A matrix is an ordered rectangular array of numbers, symbols, or expressions, arranged in rows and columns. The individual items in a matrix are called its elements or entries. For instance, a 3x3 matrix has three rows and three columns, and it contains nine elements in total. Matrices are widely used in various fields, including mathematics, physics, computer science, and engineering, for solving systems of linear equations, representing graphs and networks, and in algorithms.
Matrices are often denoted by uppercase letters and can be added, subtracted, and multiplied under specific rules. The concept of a matrix is central to linear algebra, and it's a powerful tool because it can encapsulate complex information in a compact form, which can then be manipulated to find solutions to a problem.

Elementary operations are the basic manipulations that can be performed on matrices. These include the addition, subtraction, and multiplication of matrices by scalars, as well as matrix multiplication. However, not all operations are defined for all sizes of matrices; for instance, matrix multiplication requires the number of columns in the first matrix to equal the number of rows in the second matrix.

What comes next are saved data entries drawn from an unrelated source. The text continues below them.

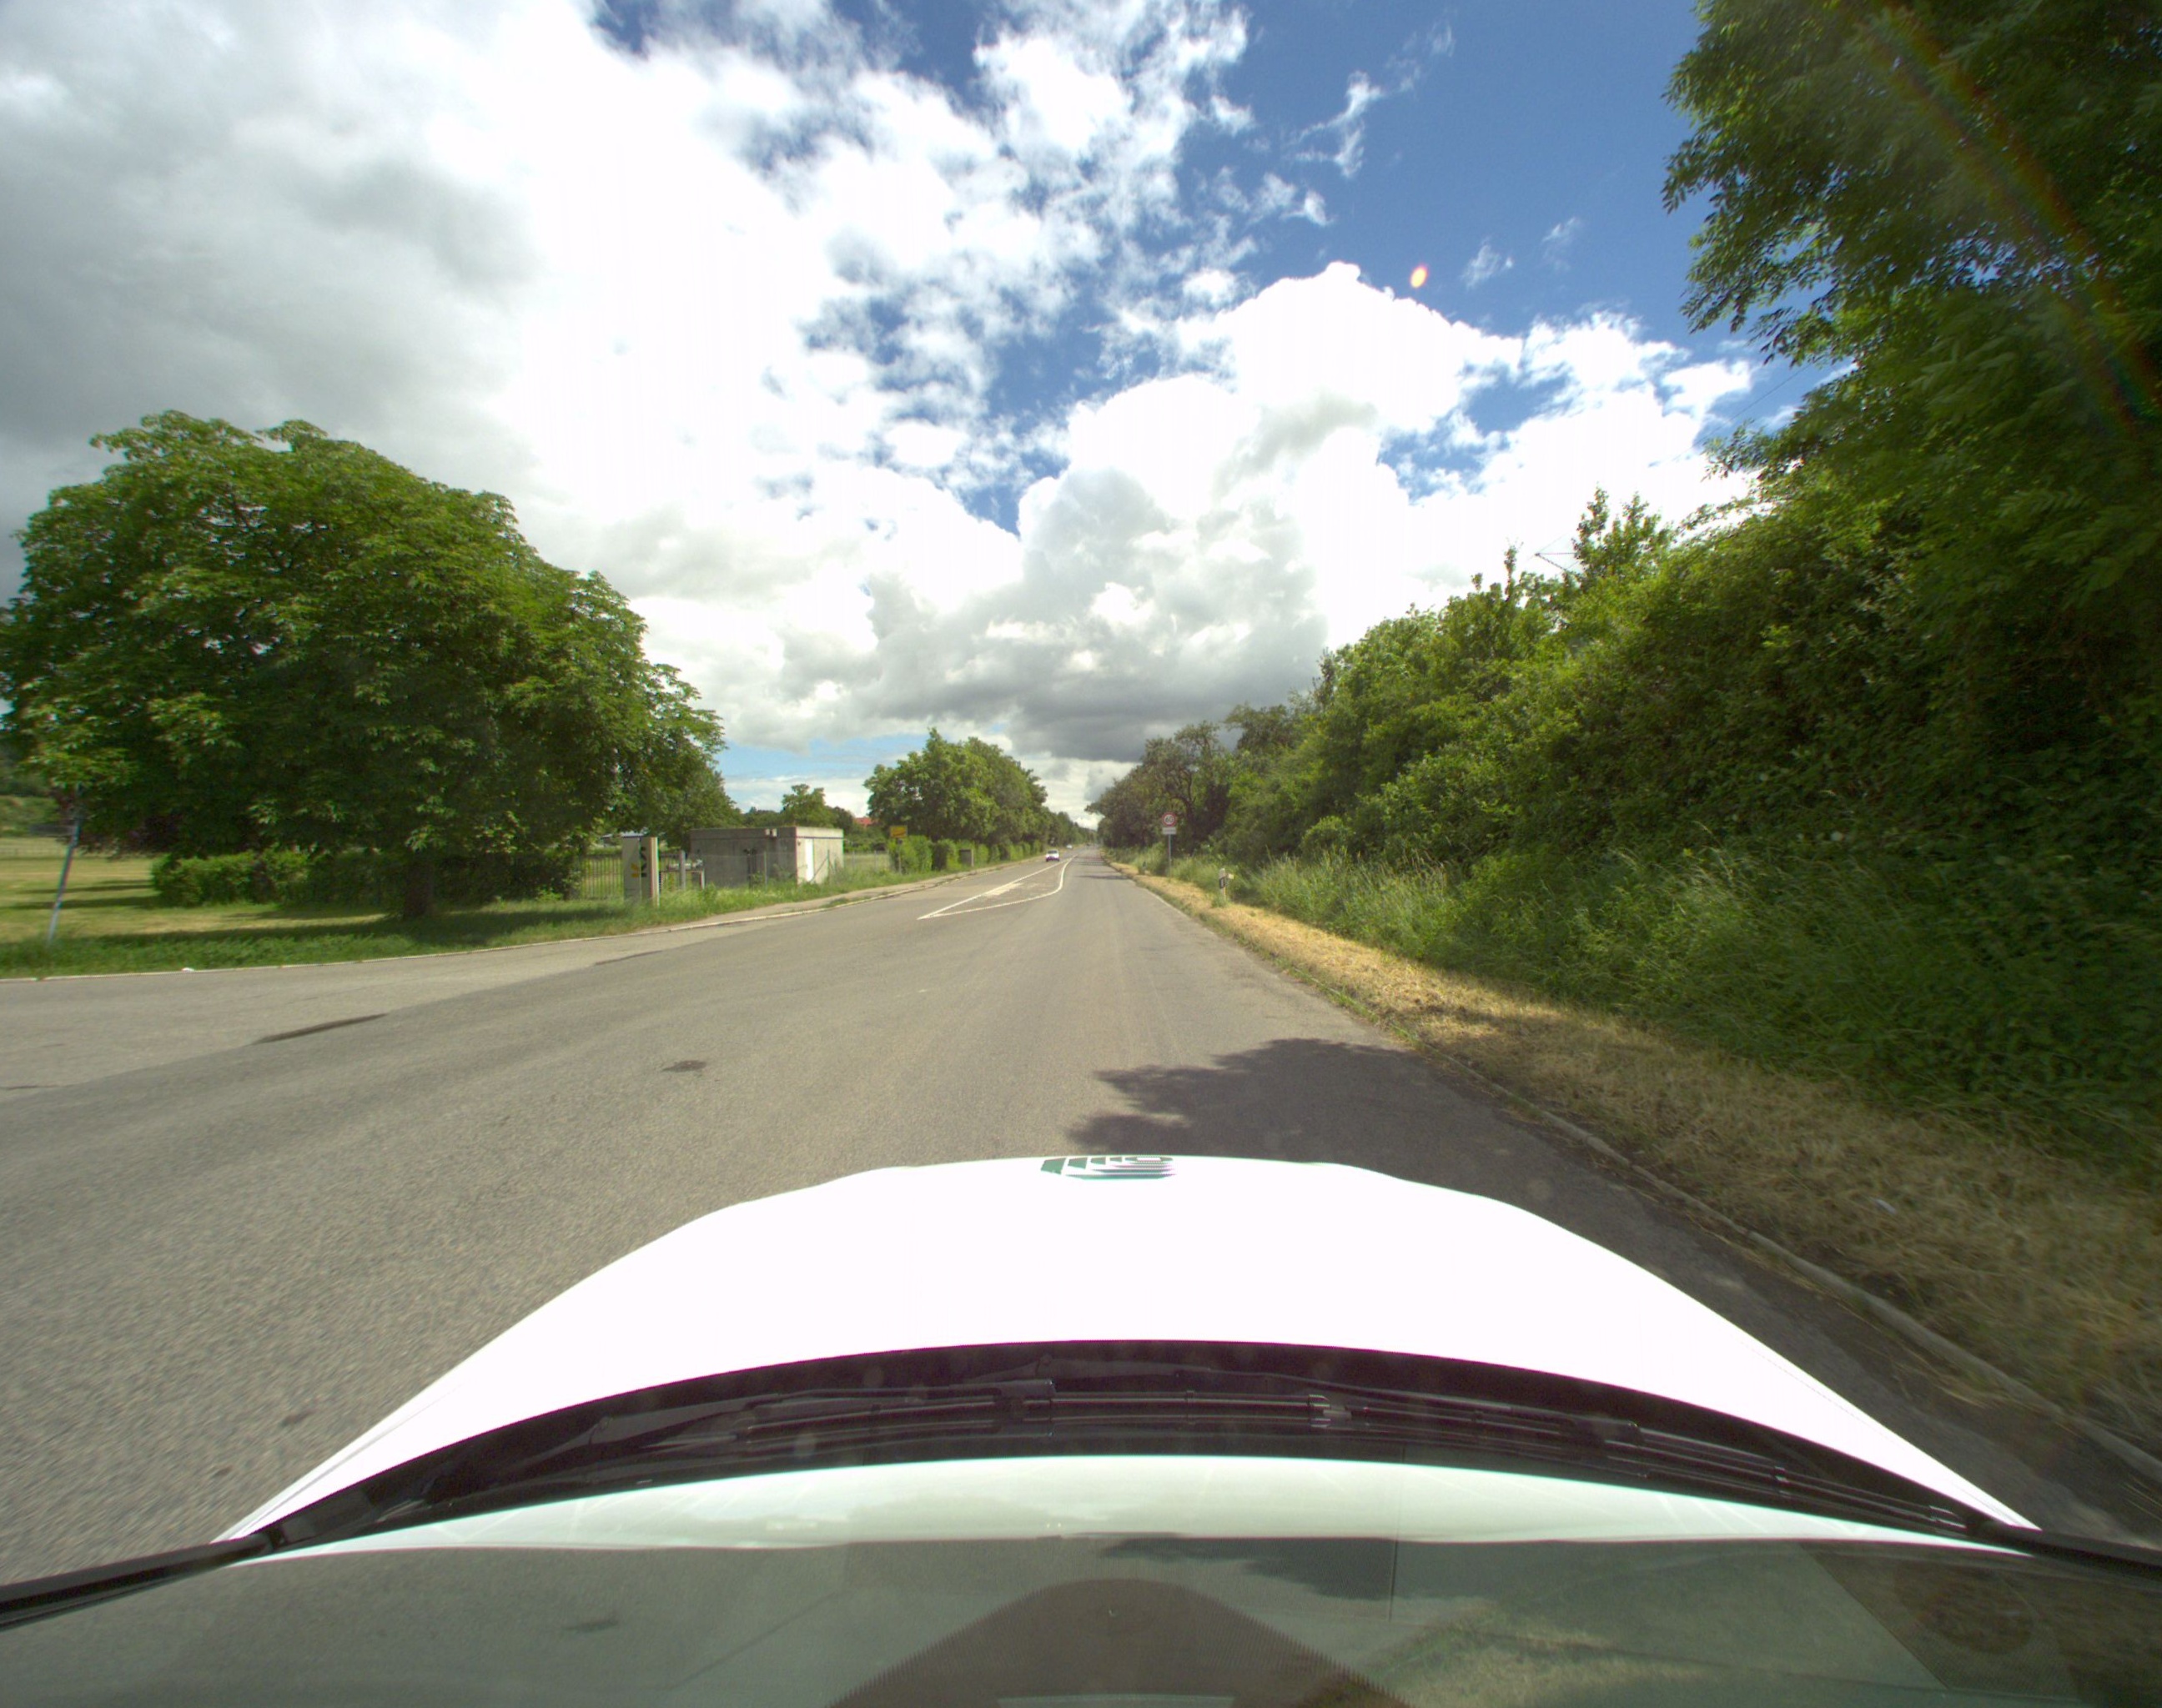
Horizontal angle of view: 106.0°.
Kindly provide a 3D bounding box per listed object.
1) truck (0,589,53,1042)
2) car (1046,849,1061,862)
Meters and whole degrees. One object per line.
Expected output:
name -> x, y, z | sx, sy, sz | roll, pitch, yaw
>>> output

When adding or subtracting matrices, they must be of the same dimension, meaning they have the same number of rows and columns. The elementary operations on matrices play a crucial role in various calculations, such as solving systems of equations using matrices, determining inverses of matrices, and more.

A 3x3 matrix is a special case of a square matrix, where there are three rows and three columns. The general form of a 3x3 matrix is
\[\left[\begin{array}{ccc}a_{11} & a_{12} & a_{13} \a_{21} & a_{22} & a_{23} \a_{31} & a_{32} & a_{33} \end{array}\right]\]
where \(a_{ij}\) represents the element in the \(i\)th row and the \(j\)th column. Square matrices, including 3x3 matrices, have certain unique properties, such as the determinant and the possibility of finding the inverse (provided that the determinant is not zero). They are often used in computer graphics transformations and in the representation of more complex systems in physics.

Algebraic operations on matrices include addition, subtraction, and multiplication. For matrix addition and subtraction, these operations are performed element by element. This means that the resulting matrix has the same dimensions as the original matrices, and each element of the resulting matrix is the sum or difference of the corresponding elements of the original matrices.
For our exercise, we are focusing on matrix addition. When adding two matrices, such as two 3x3 matrices, you simply take the corresponding elements from each matrix and add them together. For example, if you have elements \(a_{ij}\) from the first matrix and elements \(b_{ij}\) from the second matrix, the resulting matrix will have elements \(a_{ij} + b_{ij}\) at each position \(ij\). It is important to perform these operations carefully to ensure that each element is accurately computed.

• The addition must be done element-wise.
• The matrices must be of the same size.
• The result will also be a matrix of the same size.

Following these steps, it becomes straightforward to apply basic arithmetic to complex structures such as matrices.